# eating clinton river



## Beagleboy2004 (Aug 25, 2018)

Can you eat any fish from the clinton river?


----------



## tincanary (Jul 23, 2018)

I've eaten steelhead from the Clinton but that's about it. I wouldn't eat any of the other fish since they are resident and non-migratory and probably have more contaminants.


----------



## Gabe T (Feb 12, 2017)

The walleye would probably be fine too


----------



## Sling (Aug 2, 2005)

Beagleboy2004 said:


> Can you eat any fish from the clinton river?


Ate plenty of perch from Clinton...….thought they came in from the lake


----------



## nighttime (Nov 25, 2007)

Consumption advisory’s exist for all Greatlakes fish. But yes many do as most major fish species come from big water. Don’t quote me but steelhead are couple fish a month. Walleye has changed and less should be consumed less then past years. Forgot that number too but most will be shocked. I limit what I feed the kids and don’t over consume Greatlakes fish anyway. My sons love walleye but only 2-3 meals a month during April, May and June.


----------



## Beagleboy2004 (Aug 25, 2018)

What is the minimum length to keep walleye or steelhead from the clinton?


----------



## Big Frank 25 (Feb 21, 2002)

The fish advisory guide; https://www.michigan.gov/mdhhs/0,5885,7-339-71548_54783_54784_54785_58671-296074--,00.html


----------



## nighttime (Nov 25, 2007)

Beagleboy2004 said:


> What is the minimum length to keep walleye or steelhead from the clinton?

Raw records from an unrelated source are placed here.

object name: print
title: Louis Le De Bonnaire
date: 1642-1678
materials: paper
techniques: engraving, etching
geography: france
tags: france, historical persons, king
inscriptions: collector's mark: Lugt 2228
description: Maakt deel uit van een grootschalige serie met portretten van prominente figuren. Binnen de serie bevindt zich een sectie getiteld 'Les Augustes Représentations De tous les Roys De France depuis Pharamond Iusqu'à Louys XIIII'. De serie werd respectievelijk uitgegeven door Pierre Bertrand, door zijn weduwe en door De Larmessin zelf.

Take the time to read stream regulation guide on Mdnr website. Lots of good info to know.


----------



## CatfishKurt (Dec 12, 2017)

https://www.detroitnews.com/story/n...d-sewers-creek-near-696-ooze-site/4506712002/ This came out yesterday. Not great news for the clinton. Tip of the iceberg I'm sure.


----------



## nighttime (Nov 25, 2007)

Glad more is being found and exposed. Problem’s have been there, only recently the county and state are really acting fast on these things as they pop up.

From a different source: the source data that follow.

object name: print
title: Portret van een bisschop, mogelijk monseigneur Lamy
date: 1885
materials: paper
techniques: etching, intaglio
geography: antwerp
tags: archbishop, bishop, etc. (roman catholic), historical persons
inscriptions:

Recent rains have pushed 1 billion gallons of untreated sewage in system. 75% of it is from Oakland county. Really erkks me that Oakland keeps talking about how much the cost will be. 2nd most populous county in state and most likely has more wealthy people per square mile also. Pass some mileages and start moving forward..... human health is good investment

A good describing article.
https://www.downtownpublications.co...er-overflows-Deluge-of-issues-facing-counties


----------



## Shoeman (Aug 26, 2000)

CatfishKurt said:


> https://www.detroitnews.com/story/n...d-sewers-creek-near-696-ooze-site/4506712002/ This came out yesterday. Not great news for the clinton. Tip of the iceberg I'm sure.

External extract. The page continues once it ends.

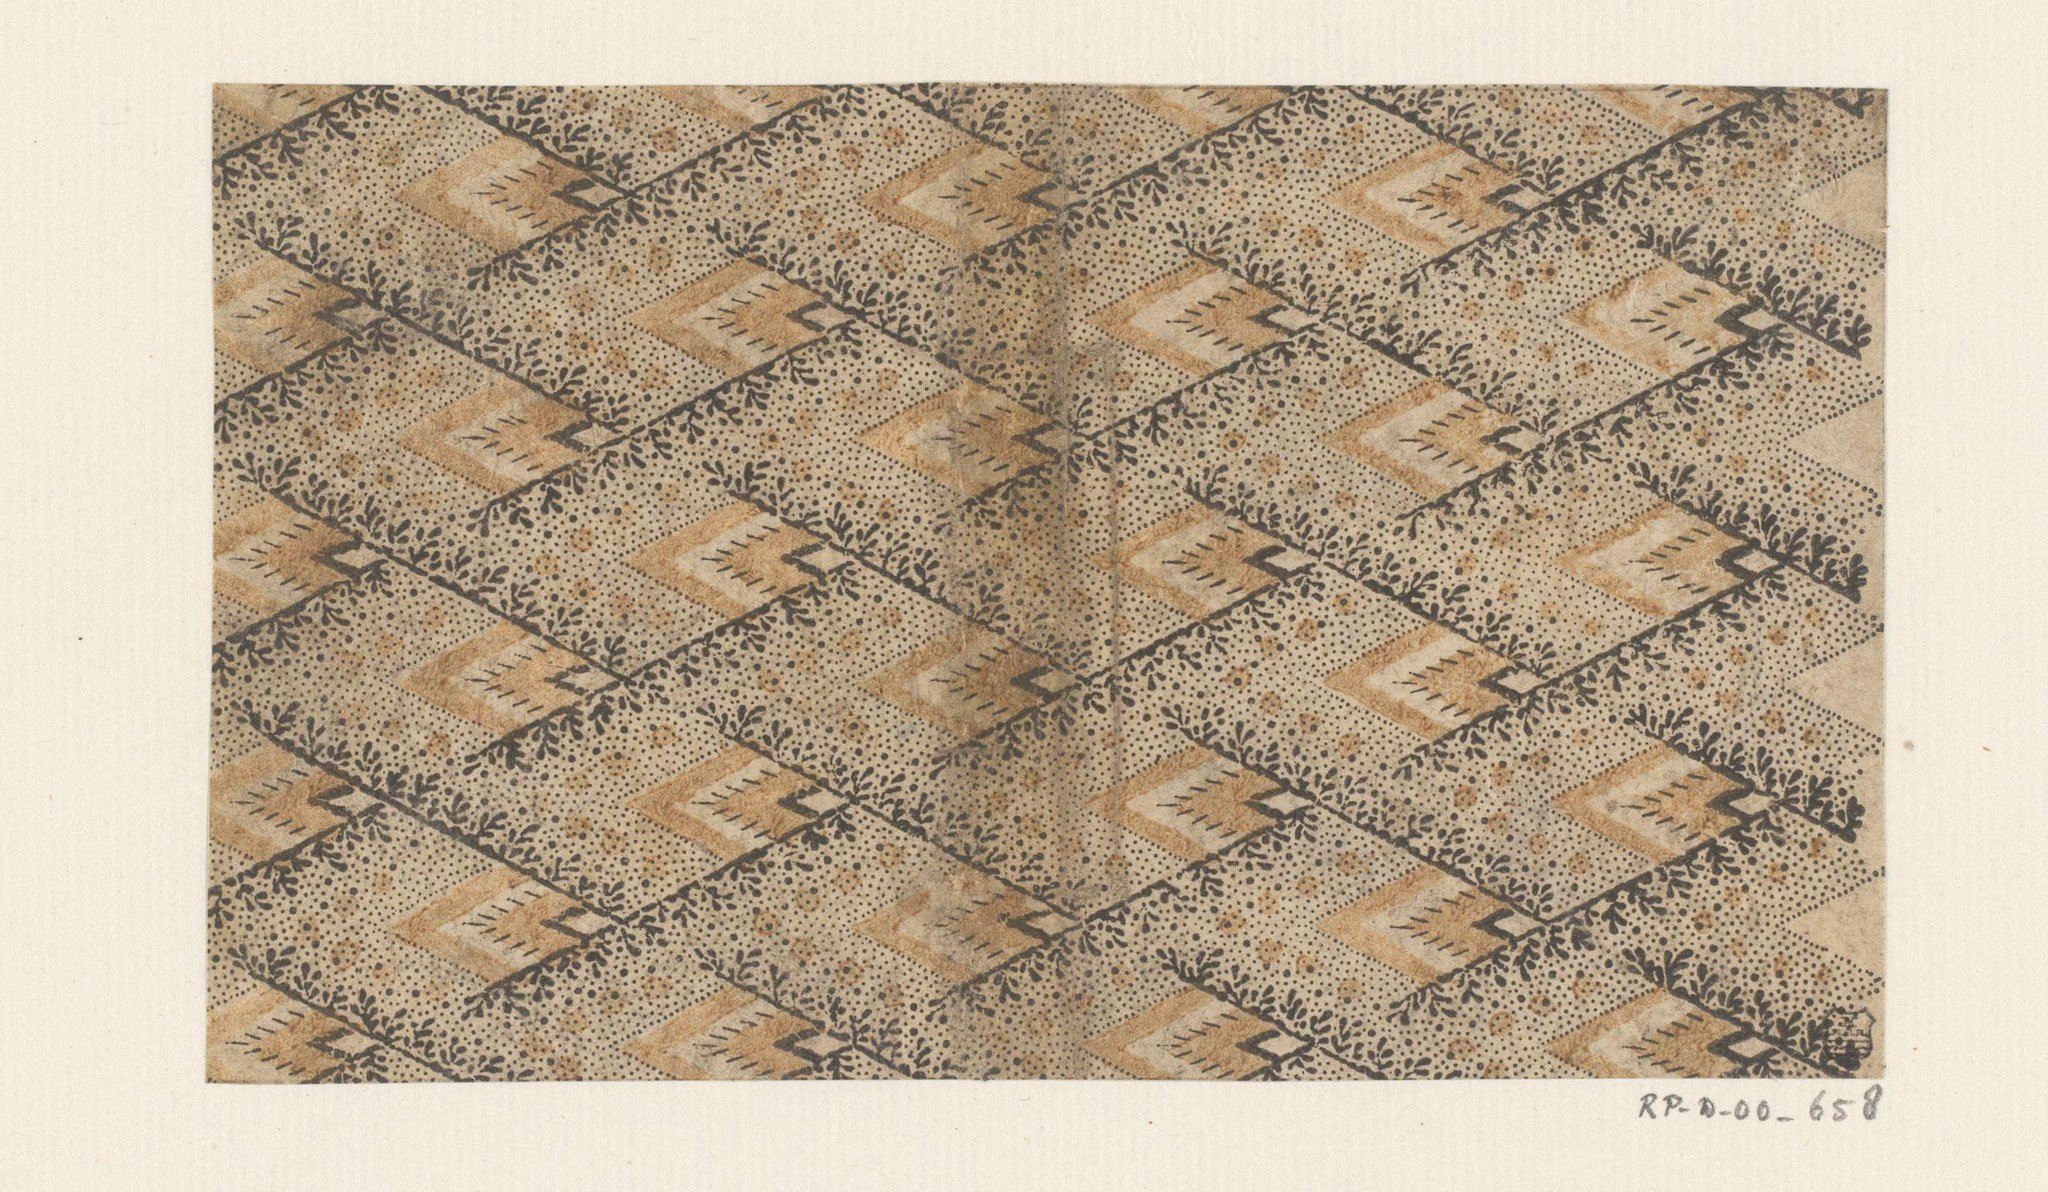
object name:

seems wherever they test it's found


----------



## WALLEYE MIKE (Jan 7, 2001)

CatfishKurt said:


> https://www.detroitnews.com/story/n...d-sewers-creek-near-696-ooze-site/4506712002/ This came out yesterday. Not great news for the clinton. Tip of the iceberg I'm sure.


Not near the clinton river. Closest would be the spillway or red run drain and they aren't really that close.

Back in the 70's my BIL caught a brown trout and it supposedly tasted like clinton river smelled at the time. 1000% better now.


----------



## CatfishKurt (Dec 12, 2017)

WALLEYE MIKE said:


> Not near the clinton river. Closest would be the spillway or red run drain and they aren't really that close.
> 
> Back in the 70's my BIL caught a brown trout and it supposedly tasted like clinton river smelled at the time. 1000% better now.


I thought the article stated the creek that they tested flows into the clinton.


----------



## WALLEYE MIKE (Jan 7, 2001)

CatfishKurt said:


> I thought the article stated the creek that they tested flows into the clinton.


Bear creek does run into the red run drain not directly into the clinton. Red run drain does empty in the clinton eventually. Near 16 mile and hayes. Red run drain has been a cesspool for years.


----------



## nighttime (Nov 25, 2007)

Clinton River’s biggest issue by far. Poor people dealing with this. 40% of Michigan drinks water that flows same shore line.
https://www.wxyz.com/news/region/ma...shing-up-from-lake-st-clair-may-be-raw-sewage


----------